Subsets of references[edit]

In 2007, Finn Årup Nielsen analyzed the content of scientific citations on the English-language Wikipedia, using the "cite journal" template as starting point[4]. In 2010, he undertook a similar initiative but focused on news citations, using the "cite news" template[5]. In 2013, Heather Ford et al. hand-coded and analyzed a random sample of 500 references from articles of the English-language Wikipedia to determine which were the most common[6].

Supersets of references[edit]

In 2010, Ed Summers analyzed all external links from encyclopedic articles ("main namespace") of the English-language Wikipedia, and ranked the top hosts[7]. More recently, Leonard Vertighel wrote a tool listing the most frequent domains found on the Italian-language Wikipedia[8], and Incola wrote a similar query limited to the main namespace[9].

Methods and results[edit]

Analyzing subsets or supersets of references provides valuable insight and trends, but our goal was to get a more complete picture.

We used a copy ("database dump") of the content of all pages in the main namespace of the English Wikipedia from 2015-03-04. From this dump, Aaron Halfaker extracted the content of all references using a custom Python utility, mwrefs. The resulting data set, ref_diffs.20150304.tsv.bz2, was made available from the Wikimedia's public data sets repository.

Guillaume Paumier wrote another Python utility (refsdomains) to process the data set, by extracting the domain of the URLs contained in references, and by tallying those domains. A preliminary list of domains was posted. Later, data sets of references were extracted and processed for Wikipedia in English, Spanish, Italian, French, Polish, Romanian, Swedish, Chinese, and Russian. This answered the first research question for that set of wikis; for any other given wiki, the same utility can be used. Using the lists of most cited domains, editors now have a good way to prioritize testing of URLs for Citoid.

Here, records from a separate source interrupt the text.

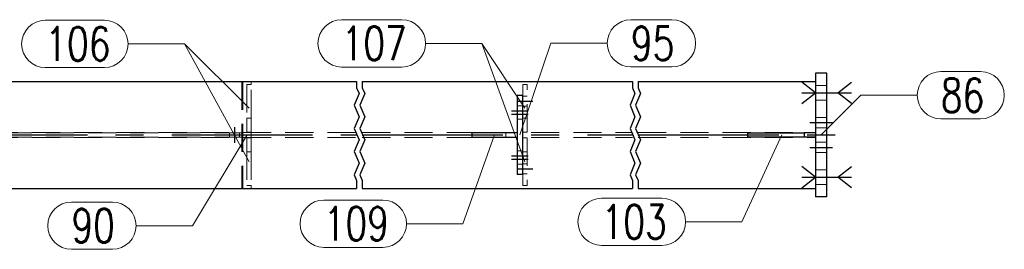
# Model space of a CAD drawing. Header units: millimetres. Extents: x 3536 to 4290, y 11030 to 11491.
# Tile 51 of 102: x 3695 to 3782, y 11340 to 11360. Entities that reach past the tile are written whole.
import ezdxf

# ---------------------------------------------------------------- set-up
doc = ezdxf.new("R2010")
doc.units = ezdxf.units.MM
doc.header["$LTSCALE"] = 10
doc.linetypes.add('HIDDEN', pattern=[0.375, 0.25, -0.125])
doc.linetypes.add('MITTE', pattern=[2, 1.25, -0.25, 0.25, -0.25])
for name, color, linetype in [('PS_BOLT', 4, 'Continuous'), ('PS_MID', 5, 'MITTE'), ('PS_SHAPE', 3, 'Continuous')]:
    doc.layers.add(name, color=color, linetype=linetype)
for name, color, linetype, lineweight in [('PS_Hidden', 2, 'HIDDEN', 9), ('PS_Pos', 1, 'Continuous', 15), ('PS_SOLID', 7, 'Continuous', 30)]:
    doc.layers.add(name, color=color, linetype=linetype, lineweight=lineweight)
doc.styles.add('simplex', font='simplex.shx', dxfattribs={"width": 0.75})

# ---------------------------------------------------------------- blocks, each defined once
blk = doc.blocks.new('*X493')
at = {"color": 30, "linetype": 'Continuous'}
for p, q in [((3765.6, 11353.893), (3764.4, 11354.853)), ((3767.6, 11353.893), (3768.8, 11354.853)), ((3764.4, 11352.933), (3765.6, 11353.893)), ((3764.4, 11353.893), (3768.8, 11353.893)), ((3768.8, 11352.933), (3767.6, 11353.893))]:
    blk.add_line(p, q, dxfattribs=at)
blk = doc.blocks.new('*X494')
at = {"color": 30, "linetype": 'Continuous'}
for p, q in [((3765.6, 11346.393), (3764.4, 11347.353)), ((3767.6, 11346.393), (3768.8, 11347.353)), ((3764.4, 11345.433), (3765.6, 11346.393)), ((3764.4, 11346.393), (3768.8, 11346.393)), ((3768.8, 11345.433), (3767.6, 11346.393))]:
    blk.add_line(p, q, dxfattribs=at)
blk = doc.blocks.new('*X495')
at = {"color": 30, "linetype": 'Continuous'}
for p, q in [((3765.6, 11346.393), (3764.4, 11347.353)), ((3767.6, 11346.393), (3768.8, 11347.353)), ((3764.4, 11345.433), (3765.6, 11346.393)), ((3764.4, 11346.393), (3768.8, 11346.393)), ((3768.8, 11345.433), (3767.6, 11346.393))]:
    blk.add_line(p, q, dxfattribs=at)
blk = doc.blocks.new('*X499')
at = {"color": 30, "linetype": 'Continuous'}
for p, q in [((3765.6, 11353.893), (3764.4, 11354.853)), ((3767.6, 11353.893), (3768.8, 11354.853)), ((3764.4, 11352.933), (3765.6, 11353.893)), ((3764.4, 11353.893), (3768.8, 11353.893)), ((3768.8, 11352.933), (3767.6, 11353.893))]:
    blk.add_line(p, q, dxfattribs=at)
blk = doc.blocks.new('*X500')
at = {"color": 30, "linetype": 'Continuous'}
for p, q in [((3765.6, 11346.393), (3764.4, 11347.353)), ((3767.6, 11346.393), (3768.8, 11347.353)), ((3764.4, 11345.433), (3765.6, 11346.393)), ((3764.4, 11346.393), (3768.8, 11346.393)), ((3768.8, 11345.433), (3767.6, 11346.393))]:
    blk.add_line(p, q, dxfattribs=at)
blk = doc.blocks.new('*X501')
at = {"color": 30, "linetype": 'Continuous'}
for p, q in [((3765.6, 11353.893), (3764.4, 11354.853)), ((3767.6, 11353.893), (3768.8, 11354.853)), ((3764.4, 11352.933), (3765.6, 11353.893)), ((3764.4, 11353.893), (3768.8, 11353.893)), ((3768.8, 11352.933), (3767.6, 11353.893))]:
    blk.add_line(p, q, dxfattribs=at)
blk = doc.blocks.new('*X506')
at = {"color": 30, "linetype": 'Continuous'}
for p, q in [((3765.6, 11346.393), (3764.4, 11347.353)), ((3767.6, 11346.393), (3768.8, 11347.353)), ((3764.4, 11345.433), (3765.6, 11346.393)), ((3764.4, 11346.393), (3768.8, 11346.393)), ((3768.8, 11345.433), (3767.6, 11346.393))]:
    blk.add_line(p, q, dxfattribs=at)
blk = doc.blocks.new('*X508')
at = {"color": 30, "linetype": 'Continuous'}
for p, q in [((3765.6, 11353.893), (3764.4, 11354.853)), ((3767.6, 11353.893), (3768.8, 11354.853)), ((3764.4, 11352.933), (3765.6, 11353.893)), ((3764.4, 11353.893), (3768.8, 11353.893)), ((3768.8, 11352.933), (3767.6, 11353.893))]:
    blk.add_line(p, q, dxfattribs=at)
blk = doc.blocks.new('*X512')
at = {"color": 30, "linetype": 'Continuous'}
for p, q in [((3765.6, 11346.393), (3764.4, 11347.353)), ((3767.6, 11346.393), (3768.8, 11347.353)), ((3764.4, 11345.433), (3765.6, 11346.393)), ((3764.4, 11346.393), (3768.8, 11346.393)), ((3768.8, 11345.433), (3767.6, 11346.393))]:
    blk.add_line(p, q, dxfattribs=at)
blk = doc.blocks.new('*X513')
at = {"color": 1}
for p, q in [((3724.85, 11354.893), (3724.85, 11354.334)), ((3725.35, 11354.893), (3725.35, 11354.334)), ((3749.35, 11354.893), (3749.35, 11354.334)), ((3749.85, 11354.893), (3749.85, 11354.334)), ((3725.067, 11353.819), (3724.632, 11352.79)), ((3724.85, 11354.334), (3725.067, 11353.819)), ((3725.567, 11353.819), (3725.132, 11352.79)), ((3725.35, 11354.334), (3725.567, 11353.819)), ((3749.567, 11353.819), (3749.132, 11352.79)), ((3749.35, 11354.334), (3749.567, 11353.819)), ((3750.067, 11353.819), (3749.632, 11352.79)), ((3749.85, 11354.334), (3750.067, 11353.819)), ((3724.632, 11352.79), (3725.067, 11351.76)), ((3725.132, 11352.79), (3725.567, 11351.76)), ((3749.132, 11352.79), (3749.567, 11351.76)), ((3749.632, 11352.79), (3750.067, 11351.76)), ((3725.067, 11351.76), (3724.632, 11350.731)), ((3725.567, 11351.76), (3725.132, 11350.731)), ((3749.567, 11351.76), (3749.132, 11350.731)), ((3750.067, 11351.76), (3749.632, 11350.731)), ((3724.632, 11350.731), (3725.067, 11349.702)), ((3725.132, 11350.731), (3725.567, 11349.702)), ((3749.132, 11350.731), (3749.567, 11349.702)), ((3749.632, 11350.731), (3750.067, 11349.702)), ((3725.067, 11349.702), (3724.632, 11348.672)), ((3725.567, 11349.702), (3725.132, 11348.672)), ((3749.567, 11349.702), (3749.132, 11348.672)), ((3750.067, 11349.702), (3749.632, 11348.672)), ((3724.632, 11348.672), (3725.067, 11347.643)), ((3725.132, 11348.672), (3725.567, 11347.643)), ((3749.132, 11348.672), (3749.567, 11347.643)), ((3749.632, 11348.672), (3750.067, 11347.643)), ((3725.067, 11347.643), (3724.632, 11346.613)), ((3725.567, 11347.643), (3725.132, 11346.613)), ((3749.567, 11347.643), (3749.132, 11346.613)), ((3750.067, 11347.643), (3749.632, 11346.613)), ((3724.632, 11346.613), (3724.85, 11346.099)), ((3725.132, 11346.613), (3725.35, 11346.099)), ((3749.132, 11346.613), (3749.35, 11346.099)), ((3749.632, 11346.613), (3749.85, 11346.099)), ((3724.85, 11346.099), (3724.85, 11345.393)), ((3725.35, 11346.099), (3725.35, 11345.393)), ((3749.35, 11346.099), (3749.35, 11345.393)), ((3749.85, 11346.099), (3749.85, 11345.393))]:
    blk.add_line(p, q, dxfattribs=at)
at = {"layer": 'PS_Hidden', "color": 2, "linetype": 'HIDDEN'}
for p, q in [((3714.669, 11354.893), (3714.669, 11345.393)), ((3714.749, 11354.893), (3714.749, 11345.393)), ((3714.75, 11354.893), (3714.75, 11345.393)), ((3715.1, 11354.643), (3715.1, 11351.643)), ((3715.5, 11354.643), (3715.1, 11354.643)), ((3715.5, 11354.643), (3715.5, 11354.893)), ((3715.5, 11351.643), (3715.5, 11354.643)), ((3739.6, 11354.643), (3739.6, 11353.643)), ((3740, 11354.643), (3739.6, 11354.643)), ((3740, 11350.393), (3740, 11354.643)), ((3766.6, 11354.543), (3765.6, 11354.543)), ((3740, 11353.593), (3739.6, 11353.593)), ((3739.1, 11352.743), (3739.6, 11352.743)), ((3740, 11352.693), (3739.6, 11352.693)), ((3766.6, 11353.243), (3765.6, 11353.243)), ((3715.1, 11350.393), (3715.1, 11351.643)), ((3715.1, 11351.643), (3715.5, 11351.643)), ((3715.5, 11351.643), (3715.5, 11350.393)), ((3739.1, 11351.543), (3739.6, 11351.543)), ((3740, 11351.643), (3739.6, 11351.643)), ((3766.6, 11351.693), (3765.6, 11351.693)), ((3591.014, 11350.378), (3724.85, 11350.378)), ((3714.75, 11350.343), (3664.235, 11350.343)), ((3713.55, 11349.943), (3713.55, 11350.343)), ((3714.45, 11349.943), (3714.45, 11350.343)), ((3714.75, 11349.943), (3714.75, 11350.343)), ((3715.5, 11350.393), (3715.1, 11350.393)), ((3715.5, 11349.893), (3715.5, 11350.393)), ((3725.35, 11350.378), (3749.35, 11350.378)), ((3738.1, 11350.343), (3738.1, 11349.943)), ((3740, 11350.393), (3739.6, 11350.393)), ((3749.85, 11350.378), (3765.6, 11350.378)), ((3766.6, 11350.793), (3765.6, 11350.793)), ((3591.014, 11349.908), (3724.85, 11349.908)), ((3714.75, 11349.943), (3664.235, 11349.943)), ((3715.1, 11348.643), (3715.1, 11349.893)), ((3715.1, 11349.893), (3715.5, 11349.893)), ((3715.5, 11349.893), (3715.5, 11348.643)), ((3725.35, 11349.908), (3749.35, 11349.908)), ((3740, 11349.893), (3739.6, 11349.893)), ((3740, 11349.893), (3740, 11345.643)), ((3749.85, 11349.908), (3765.6, 11349.908)), ((3766.6, 11349.493), (3765.6, 11349.493)), ((3715.1, 11348.643), (3715.1, 11345.643)), ((3715.5, 11348.643), (3715.1, 11348.643)), ((3715.5, 11348.643), (3715.5, 11345.643)), ((3739.1, 11348.743), (3739.6, 11348.743)), ((3739.6, 11348.643), (3740, 11348.643)), ((3766.6, 11348.593), (3765.6, 11348.593)), ((3739.1, 11347.543), (3739.6, 11347.543)), ((3740, 11347.593), (3739.6, 11347.593)), ((3740, 11346.693), (3739.6, 11346.693)), ((3739.6, 11346.643), (3739.6, 11345.643)), ((3766.6, 11347.043), (3765.6, 11347.043)), ((3715.5, 11345.643), (3715.1, 11345.643)), ((3715.5, 11345.393), (3715.5, 11345.643)), ((3740, 11345.643), (3739.6, 11345.643)), ((3766.6, 11345.743), (3765.6, 11345.743))]:
    blk.add_line(p, q, dxfattribs=at)
at = {"layer": 'PS_MID', "color": 5, "linetype": 'MITTE'}
for p, q in [((3765.1, 11353.893), (3767.1, 11353.893)), ((3765.1, 11353.893), (3767.1, 11353.893)), ((3765.1, 11353.893), (3767.1, 11353.893)), ((3765.1, 11353.893), (3767.1, 11353.893)), ((3765.1, 11353.893), (3767.1, 11353.893)), ((3765.1, 11353.893), (3767.1, 11353.893)), ((3739.1, 11353.143), (3740.5, 11353.143)), ((3738.6, 11352.293), (3740.1, 11352.293)), ((3738.6, 11352.293), (3740.1, 11352.293)), ((3738.6, 11351.993), (3740.1, 11351.993)), ((3738.6, 11351.993), (3740.1, 11351.993)), ((3765.1, 11351.243), (3767.1, 11351.243)), ((3765.1, 11351.243), (3767.1, 11351.243)), ((3588.436, 11350.143), (3724.85, 11350.143)), ((3714, 11350.843), (3714, 11349.443)), ((3725.35, 11350.143), (3749.35, 11350.143)), ((3749.85, 11350.143), (3768.1, 11350.143)), ((3738.6, 11348.293), (3740.1, 11348.293)), ((3738.6, 11348.293), (3740.1, 11348.293)), ((3765.1, 11349.043), (3767.1, 11349.043)), ((3765.1, 11349.043), (3767.1, 11349.043)), ((3738.6, 11347.993), (3740.1, 11347.993)), ((3738.6, 11347.993), (3740.1, 11347.993)), ((3739.1, 11347.143), (3740.5, 11347.143)), ((3765.1, 11346.393), (3767.1, 11346.393)), ((3765.1, 11346.393), (3767.1, 11346.393)), ((3765.1, 11346.393), (3767.1, 11346.393)), ((3765.1, 11346.393), (3767.1, 11346.393)), ((3765.1, 11346.393), (3767.1, 11346.393)), ((3765.1, 11346.393), (3767.1, 11346.393))]:
    blk.add_line(p, q, dxfattribs=at)
at = {"layer": 'PS_SOLID', "color": 7, "linetype": 'Continuous'}
for p, q in [((3765.6, 11355.643), (3765.6, 11344.643)), ((3766.6, 11355.643), (3765.6, 11355.643)), ((3766.6, 11344.643), (3766.6, 11355.643)), ((3590.936, 11354.893), (3724.85, 11354.893)), ((3725.35, 11354.893), (3749.35, 11354.893)), ((3749.85, 11354.893), (3765.6, 11354.893)), ((3739.1, 11353.643), (3739.1, 11346.643)), ((3739.6, 11353.643), (3739.1, 11353.643)), ((3739.6, 11346.643), (3739.6, 11353.643)), ((3735.1, 11349.943), (3735.1, 11350.343)), ((3739.1, 11350.343), (3735.1, 11350.343)), ((3759.6, 11349.943), (3759.6, 11350.343)), ((3759.6, 11350.343), (3764.6, 11350.343)), ((3765.6, 11350.343), (3764.6, 11350.343)), ((3764.6, 11350.343), (3764.6, 11349.943)), ((3735.1, 11349.943), (3739.1, 11349.943)), ((3764.6, 11349.943), (3759.6, 11349.943)), ((3765.6, 11349.943), (3764.6, 11349.943)), ((3739.6, 11346.643), (3739.1, 11346.643)), ((3590.936, 11345.393), (3724.85, 11345.393)), ((3725.35, 11345.393), (3749.35, 11345.393)), ((3749.85, 11345.393), (3765.6, 11345.393)), ((3766.6, 11344.643), (3765.6, 11344.643))]:
    blk.add_line(p, q, dxfattribs=at)
blk = doc.blocks.new('*X514')
at = {"color": 30, "linetype": 'Continuous'}
for p, q in [((3765.6, 11353.893), (3764.4, 11354.853)), ((3767.6, 11353.893), (3768.8, 11354.853)), ((3764.4, 11352.933), (3765.6, 11353.893)), ((3764.4, 11353.893), (3768.8, 11353.893)), ((3768.8, 11352.933), (3767.6, 11353.893))]:
    blk.add_line(p, q, dxfattribs=at)
blk = doc.blocks.new('*X515')
at = {"color": 30, "linetype": 'Continuous'}
for p, q in [((3765.6, 11353.893), (3764.4, 11354.853)), ((3767.6, 11353.893), (3768.8, 11354.853)), ((3764.4, 11352.933), (3765.6, 11353.893)), ((3764.4, 11353.893), (3768.8, 11353.893)), ((3768.8, 11352.933), (3767.6, 11353.893))]:
    blk.add_line(p, q, dxfattribs=at)
blk = doc.blocks.new('*X516')
at = {"color": 30, "linetype": 'Continuous'}
for p, q in [((3765.6, 11346.393), (3764.4, 11347.353)), ((3767.6, 11346.393), (3768.8, 11347.353)), ((3764.4, 11345.433), (3765.6, 11346.393)), ((3764.4, 11346.393), (3768.8, 11346.393)), ((3768.8, 11345.433), (3767.6, 11346.393))]:
    blk.add_line(p, q, dxfattribs=at)
blk = doc.blocks.new('*X527')
at = {"color": 1}
for p, q in [((3737.1, 11350.143), (3734.279, 11342.256)), ((3721.929, 11344.356), (3727.179, 11344.356)), ((3729.279, 11342.256), (3734.279, 11342.256)), ((3721.929, 11340.156), (3727.179, 11340.156))]:
    blk.add_line(p, q, dxfattribs=at)
for centre, start, end in [((3721.929, 11342.256), 90, 270), ((3727.179, 11342.256), 270, 90)]:
    blk.add_arc(centre, 2.1, start, end, dxfattribs=at)
at = {"color": 2, "style": 'simplex', "width": 0.75}
blk.add_text('109', height=3, dxfattribs=at).set_placement((3721.929, 11340.756))
blk = doc.blocks.new('*X528')
at = {"color": 1}
for p, q in [((3749.211, 11360.395), (3752.854, 11360.395)), ((3739.35, 11350.143), (3742.111, 11358.295)), ((3742.111, 11358.295), (3747.111, 11358.295)), ((3749.211, 11356.195), (3752.854, 11356.195))]:
    blk.add_line(p, q, dxfattribs=at)
for centre, start, end in [((3749.211, 11358.295), 90, 270), ((3752.854, 11358.295), 270, 90)]:
    blk.add_arc(centre, 2.1, start, end, dxfattribs=at)
at = {"color": 2, "style": 'simplex', "width": 0.75}
blk.add_text('95', height=3, dxfattribs=at).set_placement((3749.211, 11356.795))
blk = doc.blocks.new('*X529')
at = {"color": 1}
for p, q in [((3715.125, 11350.143), (3710.265, 11342.08)), ((3699.523, 11344.18), (3703.165, 11344.18)), ((3705.265, 11342.08), (3710.265, 11342.08)), ((3699.523, 11339.98), (3703.165, 11339.98))]:
    blk.add_line(p, q, dxfattribs=at)
for centre, start, end in [((3699.523, 11342.08), 90, 270), ((3703.165, 11342.08), 270, 90)]:
    blk.add_arc(centre, 2.1, start, end, dxfattribs=at)
at = {"color": 2, "style": 'simplex', "width": 0.75}
blk.add_text('90', height=3, dxfattribs=at).set_placement((3699.523, 11340.58))
blk = doc.blocks.new('*X530')
at = {"color": 1}
for p, q in [((3697.204, 11360.339), (3702.454, 11360.339)), ((3704.554, 11358.239), (3709.554, 11358.239)), ((3715.3, 11347.768), (3709.554, 11358.239)), ((3697.204, 11356.139), (3702.454, 11356.139))]:
    blk.add_line(p, q, dxfattribs=at)
for centre, start, end in [((3697.204, 11358.239), 90, 270), ((3702.454, 11358.239), 270, 90)]:
    blk.add_arc(centre, 2.1, start, end, dxfattribs=at)
at = {"color": 2, "style": 'simplex', "width": 0.75}
blk.add_text('106', height=3, dxfattribs=at).set_placement((3697.204, 11356.739))
blk = doc.blocks.new('*X531')
at = {"color": 1}
for p, q in [((3697.204, 11360.339), (3702.454, 11360.339)), ((3704.554, 11358.239), (3709.554, 11358.239)), ((3715.3, 11352.518), (3709.554, 11358.239)), ((3697.204, 11356.139), (3702.454, 11356.139))]:
    blk.add_line(p, q, dxfattribs=at)
for centre, start, end in [((3697.204, 11358.239), 90, 270), ((3702.454, 11358.239), 270, 90)]:
    blk.add_arc(centre, 2.1, start, end, dxfattribs=at)
at = {"color": 2, "style": 'simplex', "width": 0.75}
blk.add_text('106', height=3, dxfattribs=at).set_placement((3697.204, 11356.739))
blk = doc.blocks.new('*X532')
at = {"color": 1}
for p, q in [((3723.518, 11360.386), (3728.875, 11360.386)), ((3730.975, 11358.286), (3735.975, 11358.286)), ((3739.8, 11347.768), (3735.975, 11358.286)), ((3723.518, 11356.186), (3728.875, 11356.186))]:
    blk.add_line(p, q, dxfattribs=at)
for centre, start, end in [((3723.518, 11358.286), 90, 270), ((3728.875, 11358.286), 270, 90)]:
    blk.add_arc(centre, 2.1, start, end, dxfattribs=at)
at = {"color": 2, "style": 'simplex', "width": 0.75}
blk.add_text('107', height=3, dxfattribs=at).set_placement((3723.518, 11356.786))
blk = doc.blocks.new('*X533')
at = {"color": 1}
for p, q in [((3723.518, 11360.386), (3728.875, 11360.386)), ((3730.975, 11358.286), (3735.975, 11358.286)), ((3739.8, 11352.518), (3735.975, 11358.286)), ((3723.518, 11356.186), (3728.875, 11356.186))]:
    blk.add_line(p, q, dxfattribs=at)
for centre, start, end in [((3723.518, 11358.286), 90, 270), ((3728.875, 11358.286), 270, 90)]:
    blk.add_arc(centre, 2.1, start, end, dxfattribs=at)
at = {"color": 2, "style": 'simplex', "width": 0.75}
blk.add_text('107', height=3, dxfattribs=at).set_placement((3723.518, 11356.786))
blk = doc.blocks.new('*X536')
at = {"color": 1}
for p, q in [((3762.6, 11350.143), (3759.064, 11342.423)), ((3746.607, 11344.523), (3751.964, 11344.523)), ((3754.064, 11342.423), (3759.064, 11342.423)), ((3746.607, 11340.323), (3751.964, 11340.323))]:
    blk.add_line(p, q, dxfattribs=at)
for centre, start, end in [((3746.607, 11342.423), 90, 270), ((3751.964, 11342.423), 270, 90)]:
    blk.add_arc(centre, 2.1, start, end, dxfattribs=at)
at = {"color": 2, "style": 'simplex', "width": 0.75}
blk.add_text('103', height=3, dxfattribs=at).set_placement((3746.607, 11340.923))
blk = doc.blocks.new('*X537')
at = {"color": 1}
for p, q in [((3762.6, 11350.143), (3759.064, 11342.423)), ((3746.607, 11344.523), (3751.964, 11344.523)), ((3754.064, 11342.423), (3759.064, 11342.423)), ((3746.607, 11340.323), (3751.964, 11340.323))]:
    blk.add_line(p, q, dxfattribs=at)
for centre, start, end in [((3746.607, 11342.423), 90, 270), ((3751.964, 11342.423), 270, 90)]:
    blk.add_arc(centre, 2.1, start, end, dxfattribs=at)
at = {"color": 2, "style": 'simplex', "width": 0.75}
blk.add_text('103', height=3, dxfattribs=at).set_placement((3746.607, 11340.923))
blk = doc.blocks.new('*X538')
at = {"color": 1}
for p, q in [((3776.735, 11355.778), (3780.271, 11355.778)), ((3766.1, 11350.143), (3769.635, 11353.678)), ((3769.635, 11353.678), (3774.635, 11353.678)), ((3776.735, 11351.578), (3780.271, 11351.578))]:
    blk.add_line(p, q, dxfattribs=at)
for centre, start, end in [((3776.735, 11353.678), 90, 270), ((3780.271, 11353.678), 270, 90)]:
    blk.add_arc(centre, 2.1, start, end, dxfattribs=at)
at = {"color": 2, "style": 'simplex', "width": 0.75}
blk.add_text('86', height=3, dxfattribs=at).set_placement((3776.735, 11352.178))

msp = doc.modelspace()

# ---------------------------------------------------------------- block references
at = {"layer": 'PS_BOLT', "color": 30}
for name in ['*X493', '*X499', '*X501', '*X508', '*X514', '*X515', '*X494', '*X495', '*X500', '*X506', '*X512', '*X516']:
    msp.add_blockref(name, (0, 0), dxfattribs=at)
at = {"layer": 'PS_Pos'}
for name in ['*X530', '*X531', '*X532', '*X533', '*X528', '*X538', '*X529', '*X527', '*X536', '*X537']:
    msp.add_blockref(name, (0, 0), dxfattribs=at)
at = {"layer": 'PS_SHAPE'}
msp.add_blockref('*X513', (0, 0), dxfattribs=at)

doc.saveas('drawing.dxf')

Guillaume tested the top domains with Citoid for two wikis, and shared the results with the respective WikiProjects. The top 15 domains on the English Wikipedia were at least partially supported; On the French Wikipedia, two of the top 15 domains were not supported at all; the others were at least partially supported.

See also[edit]


  1. Following the activation of Citoid on the French-, Italian- and English-language Wikipedias, several users started testing it with various sources. On the French-language Wikipedia, this was done on Projet:Sources/Sources les plus utilisées/Liste manuelle. On the English Wikipedia, testing was coordinated around sources available through the "Wikipedia library" program, at Wikipedia:TWL/Citoid, and by members of WikiProject Medicine. Other tests were done by Erica Litrenta ([1] [2] [3] [4]) and Rachel diCerbo ([5]). Other users compared Citoid with other tools used to automatically retrieve and format source metadata. LuisVilla compared Citoid and reFill, and Atlasowa and Ark25 compared Citoid, Zotero and Ark25's "RefScript" tool.
  2. Manual:Externallinks table on
  3. Wikimedia Downloads.
  4. Scientific citations in Wikipedia. Finn Årup Nielsen. First Monday, volume 12, number 8 (August 2007).
  5. Top news cites referenced from Wikipedia. Finn Årup Nielsen. 2010-08-25.
  6. Getting to the source: where does Wikipedia get its information from? Heather Ford et al. Proceedings of the 9th International Symposium on Open Collaboration (WikiSym '13). 2013. doi:10.1145/2491055.2491064
  7. top hosts referenced in wikipedia (part 2). Ed Summers. 2010-08-25.
  8. Collegamenti esterni presenti con maggiore frequenza. Leonard Vertighel. Retrieved on 2015-05-11.
  9. Quarry: Most frequent domains. Incola. Retrieved 2015-05-11.